Plaintiffs also argued that demand should be excused because defendant directors were facing personal liability for violating their duty of disclosure by failing to properly disclose the value of or existence of certain complex financial instruments, some of which were accounted for off the balance sheet. Again, this allegation fell wide of the established disclosure standards applied in Delaware. Typically, the duty of disclosure is implicated when there is a shareholder action about to take place. In the absence of a request for information, plaintiffs must demonstrate that the directors "deliberately misinformed shareholders about the business of the corporation either directly or by a public statement." *43. The plaintiffs missed the mark on the pleading requirement by failing to allege with factual particularity the actual misstatement or omissions that constituted a violation of the board's duty to disclose.

Waste Allegations

Plaintiffs also invoke corporate waste allegations for (1) approving a letter agreement between Citigroup and Defendant Charles Prince, the former CEO; (2) allowing the company to purchase over $2.7 billion in subprime loans; (3) approving a buy-back of over $645 million worth of company's shares at a dated price; and (4) investing in assets that were unable to pay off maturing debt. The Court analyzed each component separately with respect to the demand requirement. Respecting stock repurchase, subprime loan purchase and investment decisions, the Court found that mere allegations of red flags is insufficient to overcome the business judgment rule. The executive compensation question, however, led to a different analysis - primarily based on the facts and the details of the package received by former CEO Prince. As the Delaware Supreme Court articulated, directors discretion in setting executive compensation is not unlimited, and there is a point at which the compensation is so disproportionately large as to be unconscionable and constitute waste. Here, Prince was to receive $68 million upon his departure, an office, an administrative assistant, and a car with a driver for the lesser of five years or until he commences full time employment with another employer. In exchange for this multi-million dollar goody bag, Prince signed a non-compete agreement, a non-disparagement agreement, a non-solicitation agreement, and a release of claims against the company. The Court appears to be clearly puzzled, at best, skeptical, at worst at the propriety of the package.
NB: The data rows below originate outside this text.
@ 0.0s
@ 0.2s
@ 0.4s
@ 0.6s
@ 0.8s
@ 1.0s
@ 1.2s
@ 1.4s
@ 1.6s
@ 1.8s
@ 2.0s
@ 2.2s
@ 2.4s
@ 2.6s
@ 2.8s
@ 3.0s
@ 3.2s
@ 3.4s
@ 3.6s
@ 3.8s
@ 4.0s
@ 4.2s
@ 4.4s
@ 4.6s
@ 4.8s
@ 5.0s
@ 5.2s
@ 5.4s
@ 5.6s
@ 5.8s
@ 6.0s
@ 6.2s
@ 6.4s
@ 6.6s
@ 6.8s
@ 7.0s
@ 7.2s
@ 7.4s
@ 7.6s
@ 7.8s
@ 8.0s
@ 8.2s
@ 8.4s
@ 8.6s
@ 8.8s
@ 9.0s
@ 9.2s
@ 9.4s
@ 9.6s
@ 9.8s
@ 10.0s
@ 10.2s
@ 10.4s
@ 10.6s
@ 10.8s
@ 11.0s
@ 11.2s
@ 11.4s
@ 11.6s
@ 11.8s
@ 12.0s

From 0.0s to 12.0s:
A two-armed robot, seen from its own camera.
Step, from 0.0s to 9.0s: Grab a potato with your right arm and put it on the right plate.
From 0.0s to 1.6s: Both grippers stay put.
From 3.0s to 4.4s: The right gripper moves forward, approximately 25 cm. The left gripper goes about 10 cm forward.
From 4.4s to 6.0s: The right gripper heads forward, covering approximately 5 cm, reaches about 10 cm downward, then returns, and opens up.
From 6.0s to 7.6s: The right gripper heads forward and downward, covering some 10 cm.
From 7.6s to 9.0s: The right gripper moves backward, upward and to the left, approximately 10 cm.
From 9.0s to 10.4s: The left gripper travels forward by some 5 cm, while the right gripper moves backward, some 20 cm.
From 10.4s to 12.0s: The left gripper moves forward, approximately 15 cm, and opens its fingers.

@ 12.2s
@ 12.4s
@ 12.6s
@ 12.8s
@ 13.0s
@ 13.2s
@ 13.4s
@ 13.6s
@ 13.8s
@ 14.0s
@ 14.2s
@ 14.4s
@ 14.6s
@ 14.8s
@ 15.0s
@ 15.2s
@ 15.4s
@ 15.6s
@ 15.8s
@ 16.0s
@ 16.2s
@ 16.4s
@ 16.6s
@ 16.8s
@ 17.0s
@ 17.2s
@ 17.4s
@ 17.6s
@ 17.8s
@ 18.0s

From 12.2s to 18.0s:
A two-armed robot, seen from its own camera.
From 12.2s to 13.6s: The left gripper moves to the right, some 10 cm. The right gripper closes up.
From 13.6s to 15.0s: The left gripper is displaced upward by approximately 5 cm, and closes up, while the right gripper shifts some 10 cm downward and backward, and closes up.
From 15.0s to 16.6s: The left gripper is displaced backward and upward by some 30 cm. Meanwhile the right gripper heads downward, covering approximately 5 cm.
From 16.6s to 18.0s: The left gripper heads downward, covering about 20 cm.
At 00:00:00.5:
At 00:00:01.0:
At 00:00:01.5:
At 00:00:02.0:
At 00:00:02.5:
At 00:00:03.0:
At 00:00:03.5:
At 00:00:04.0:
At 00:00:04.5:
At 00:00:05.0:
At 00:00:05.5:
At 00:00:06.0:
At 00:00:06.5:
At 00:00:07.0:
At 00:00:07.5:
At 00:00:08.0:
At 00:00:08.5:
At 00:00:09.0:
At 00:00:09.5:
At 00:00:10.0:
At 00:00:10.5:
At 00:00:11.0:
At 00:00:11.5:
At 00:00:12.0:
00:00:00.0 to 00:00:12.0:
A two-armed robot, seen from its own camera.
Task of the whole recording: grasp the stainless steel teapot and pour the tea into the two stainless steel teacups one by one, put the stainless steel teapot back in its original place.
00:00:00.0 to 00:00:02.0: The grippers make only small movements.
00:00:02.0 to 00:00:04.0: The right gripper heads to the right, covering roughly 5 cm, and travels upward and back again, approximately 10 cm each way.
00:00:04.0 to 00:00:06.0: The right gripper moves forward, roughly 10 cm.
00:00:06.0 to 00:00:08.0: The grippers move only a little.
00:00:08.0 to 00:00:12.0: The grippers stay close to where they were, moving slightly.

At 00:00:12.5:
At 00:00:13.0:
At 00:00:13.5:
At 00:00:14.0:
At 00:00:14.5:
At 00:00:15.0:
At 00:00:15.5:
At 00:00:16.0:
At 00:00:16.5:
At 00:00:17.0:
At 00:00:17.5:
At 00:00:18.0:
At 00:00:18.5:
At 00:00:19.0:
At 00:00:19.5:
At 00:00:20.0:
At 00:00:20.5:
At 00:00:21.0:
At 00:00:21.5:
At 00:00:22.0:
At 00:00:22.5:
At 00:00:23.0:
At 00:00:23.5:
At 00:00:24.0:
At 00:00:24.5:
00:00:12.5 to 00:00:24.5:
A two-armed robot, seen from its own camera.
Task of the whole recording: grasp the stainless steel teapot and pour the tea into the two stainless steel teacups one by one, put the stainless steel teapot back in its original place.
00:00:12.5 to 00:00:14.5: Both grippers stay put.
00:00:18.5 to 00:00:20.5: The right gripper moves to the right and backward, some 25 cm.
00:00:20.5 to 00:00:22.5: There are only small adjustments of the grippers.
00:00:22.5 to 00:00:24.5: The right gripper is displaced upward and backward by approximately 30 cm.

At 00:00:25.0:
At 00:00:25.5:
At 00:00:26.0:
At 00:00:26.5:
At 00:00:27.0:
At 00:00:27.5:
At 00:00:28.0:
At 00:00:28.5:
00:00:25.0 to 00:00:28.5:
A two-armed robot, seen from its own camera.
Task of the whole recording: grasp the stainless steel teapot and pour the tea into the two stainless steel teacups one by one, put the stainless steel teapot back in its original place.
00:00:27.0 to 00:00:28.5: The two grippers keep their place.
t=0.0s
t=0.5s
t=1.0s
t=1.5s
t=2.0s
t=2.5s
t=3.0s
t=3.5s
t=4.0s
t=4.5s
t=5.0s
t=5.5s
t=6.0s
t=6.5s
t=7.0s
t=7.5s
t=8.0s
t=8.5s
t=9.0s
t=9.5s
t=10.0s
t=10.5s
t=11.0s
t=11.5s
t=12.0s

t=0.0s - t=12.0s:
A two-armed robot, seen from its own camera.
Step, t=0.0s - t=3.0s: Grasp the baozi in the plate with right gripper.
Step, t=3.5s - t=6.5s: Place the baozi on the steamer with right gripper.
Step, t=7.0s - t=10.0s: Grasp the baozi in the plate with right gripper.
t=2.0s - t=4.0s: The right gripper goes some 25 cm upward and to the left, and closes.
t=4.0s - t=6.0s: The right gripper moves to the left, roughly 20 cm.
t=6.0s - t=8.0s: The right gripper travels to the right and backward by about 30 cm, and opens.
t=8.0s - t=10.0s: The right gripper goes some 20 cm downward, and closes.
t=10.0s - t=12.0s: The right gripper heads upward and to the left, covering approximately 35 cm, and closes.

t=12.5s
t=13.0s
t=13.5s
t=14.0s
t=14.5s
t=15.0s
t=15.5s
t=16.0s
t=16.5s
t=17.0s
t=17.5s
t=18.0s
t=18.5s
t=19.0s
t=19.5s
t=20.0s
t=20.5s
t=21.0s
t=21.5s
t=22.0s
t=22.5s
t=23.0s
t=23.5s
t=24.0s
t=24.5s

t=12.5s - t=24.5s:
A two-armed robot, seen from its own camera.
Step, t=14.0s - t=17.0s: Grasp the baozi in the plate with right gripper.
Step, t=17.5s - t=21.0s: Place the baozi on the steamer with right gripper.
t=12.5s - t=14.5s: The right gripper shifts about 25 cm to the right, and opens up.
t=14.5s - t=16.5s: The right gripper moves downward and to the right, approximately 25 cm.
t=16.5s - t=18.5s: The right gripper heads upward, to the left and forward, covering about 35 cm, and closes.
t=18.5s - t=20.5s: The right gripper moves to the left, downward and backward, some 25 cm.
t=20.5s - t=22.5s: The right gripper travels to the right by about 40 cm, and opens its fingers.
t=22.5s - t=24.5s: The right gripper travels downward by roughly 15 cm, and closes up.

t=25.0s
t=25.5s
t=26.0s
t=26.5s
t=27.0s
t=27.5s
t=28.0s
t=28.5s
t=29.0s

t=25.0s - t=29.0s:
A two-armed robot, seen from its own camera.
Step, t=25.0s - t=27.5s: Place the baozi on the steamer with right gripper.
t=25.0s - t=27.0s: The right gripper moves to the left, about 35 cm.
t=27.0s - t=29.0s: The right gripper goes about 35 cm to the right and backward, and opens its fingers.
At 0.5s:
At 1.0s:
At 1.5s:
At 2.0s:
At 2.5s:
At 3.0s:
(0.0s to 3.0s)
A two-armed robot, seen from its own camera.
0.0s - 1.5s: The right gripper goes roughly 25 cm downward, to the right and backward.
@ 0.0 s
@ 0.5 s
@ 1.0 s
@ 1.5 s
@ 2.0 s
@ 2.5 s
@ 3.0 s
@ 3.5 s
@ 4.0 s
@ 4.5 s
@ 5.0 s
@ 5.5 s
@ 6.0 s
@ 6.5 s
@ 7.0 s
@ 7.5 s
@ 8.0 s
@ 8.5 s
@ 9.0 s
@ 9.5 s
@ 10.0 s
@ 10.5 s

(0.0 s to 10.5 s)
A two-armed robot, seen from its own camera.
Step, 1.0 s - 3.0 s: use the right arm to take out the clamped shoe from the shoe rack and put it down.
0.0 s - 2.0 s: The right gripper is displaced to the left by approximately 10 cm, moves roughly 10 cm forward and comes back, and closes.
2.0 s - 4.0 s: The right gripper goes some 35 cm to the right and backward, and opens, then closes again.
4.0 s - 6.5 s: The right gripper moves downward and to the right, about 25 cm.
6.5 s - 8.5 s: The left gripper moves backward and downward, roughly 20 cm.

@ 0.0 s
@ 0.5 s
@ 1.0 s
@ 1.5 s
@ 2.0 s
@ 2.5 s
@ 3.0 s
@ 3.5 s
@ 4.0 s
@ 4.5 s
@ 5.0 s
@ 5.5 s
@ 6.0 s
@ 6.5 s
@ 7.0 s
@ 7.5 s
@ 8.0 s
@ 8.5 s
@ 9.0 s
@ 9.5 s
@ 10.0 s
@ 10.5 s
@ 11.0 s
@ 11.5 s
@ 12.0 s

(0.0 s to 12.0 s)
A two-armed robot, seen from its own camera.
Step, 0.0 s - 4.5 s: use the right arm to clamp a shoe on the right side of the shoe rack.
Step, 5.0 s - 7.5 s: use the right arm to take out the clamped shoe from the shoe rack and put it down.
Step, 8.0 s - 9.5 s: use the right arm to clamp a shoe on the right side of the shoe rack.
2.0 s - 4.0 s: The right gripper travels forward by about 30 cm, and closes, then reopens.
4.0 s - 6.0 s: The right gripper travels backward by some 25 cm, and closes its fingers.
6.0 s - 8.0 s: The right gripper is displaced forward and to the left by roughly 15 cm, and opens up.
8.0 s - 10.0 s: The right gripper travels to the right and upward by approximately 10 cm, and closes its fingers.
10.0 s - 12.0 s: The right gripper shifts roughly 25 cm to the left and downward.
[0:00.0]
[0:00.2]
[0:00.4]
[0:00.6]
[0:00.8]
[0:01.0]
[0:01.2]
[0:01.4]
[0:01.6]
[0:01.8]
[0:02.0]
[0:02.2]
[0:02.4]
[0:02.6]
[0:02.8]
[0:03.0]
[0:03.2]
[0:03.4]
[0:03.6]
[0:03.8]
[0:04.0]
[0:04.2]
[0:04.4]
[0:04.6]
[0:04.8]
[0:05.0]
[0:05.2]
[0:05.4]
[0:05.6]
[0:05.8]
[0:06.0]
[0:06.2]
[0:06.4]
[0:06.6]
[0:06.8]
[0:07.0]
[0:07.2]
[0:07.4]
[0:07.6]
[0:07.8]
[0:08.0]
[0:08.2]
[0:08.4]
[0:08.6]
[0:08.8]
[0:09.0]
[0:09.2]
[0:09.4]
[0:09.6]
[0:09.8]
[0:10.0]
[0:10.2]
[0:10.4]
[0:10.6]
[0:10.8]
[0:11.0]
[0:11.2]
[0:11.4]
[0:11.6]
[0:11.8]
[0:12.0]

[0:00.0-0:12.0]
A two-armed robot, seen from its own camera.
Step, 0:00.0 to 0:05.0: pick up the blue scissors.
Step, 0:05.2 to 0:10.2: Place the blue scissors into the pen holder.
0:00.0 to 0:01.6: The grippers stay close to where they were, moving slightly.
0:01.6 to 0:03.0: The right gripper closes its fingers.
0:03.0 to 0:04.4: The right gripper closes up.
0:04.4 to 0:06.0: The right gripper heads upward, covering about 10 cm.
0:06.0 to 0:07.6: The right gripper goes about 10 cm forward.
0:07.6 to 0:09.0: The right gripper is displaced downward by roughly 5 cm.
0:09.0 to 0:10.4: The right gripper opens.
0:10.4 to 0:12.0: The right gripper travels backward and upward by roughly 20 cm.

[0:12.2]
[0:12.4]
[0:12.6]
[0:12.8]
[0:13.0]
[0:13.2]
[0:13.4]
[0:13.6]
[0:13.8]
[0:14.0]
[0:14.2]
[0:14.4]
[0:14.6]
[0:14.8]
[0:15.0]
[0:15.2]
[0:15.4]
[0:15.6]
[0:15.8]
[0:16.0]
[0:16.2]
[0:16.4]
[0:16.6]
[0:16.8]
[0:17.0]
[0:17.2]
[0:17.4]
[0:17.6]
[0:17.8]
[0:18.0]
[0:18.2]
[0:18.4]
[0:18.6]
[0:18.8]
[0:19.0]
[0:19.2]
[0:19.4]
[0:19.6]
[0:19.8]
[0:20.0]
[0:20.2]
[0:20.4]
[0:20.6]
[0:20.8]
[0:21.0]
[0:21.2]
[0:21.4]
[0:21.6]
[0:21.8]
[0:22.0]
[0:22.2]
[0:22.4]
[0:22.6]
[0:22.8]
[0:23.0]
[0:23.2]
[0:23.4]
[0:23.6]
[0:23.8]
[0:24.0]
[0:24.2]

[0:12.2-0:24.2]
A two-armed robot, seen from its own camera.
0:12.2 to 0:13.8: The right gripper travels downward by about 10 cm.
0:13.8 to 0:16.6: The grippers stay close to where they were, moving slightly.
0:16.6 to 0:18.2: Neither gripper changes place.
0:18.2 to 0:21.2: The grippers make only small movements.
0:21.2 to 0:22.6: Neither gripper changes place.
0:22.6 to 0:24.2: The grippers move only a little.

Thus, Chancellor Chandler found that "[w]ithout more information, and taking, as [he] is required, plaintiffs' well pleaded allegations as true, there is reasonable doubt as to whether the letter agreement awarded compensation that is beyond the outer limit of reason. The Court denied the motion to dismiss that portion of the waste claim that pertained to executive compensation of Prince.

The Citigroup decision forges no revolutionary ground in its application of the demand requirement. However, it contains glimpses of a changing landscape especially with respect to the volatile question of executive compensation. It also provides some limited guidance for future claimants who wish to avoid the demand requirement.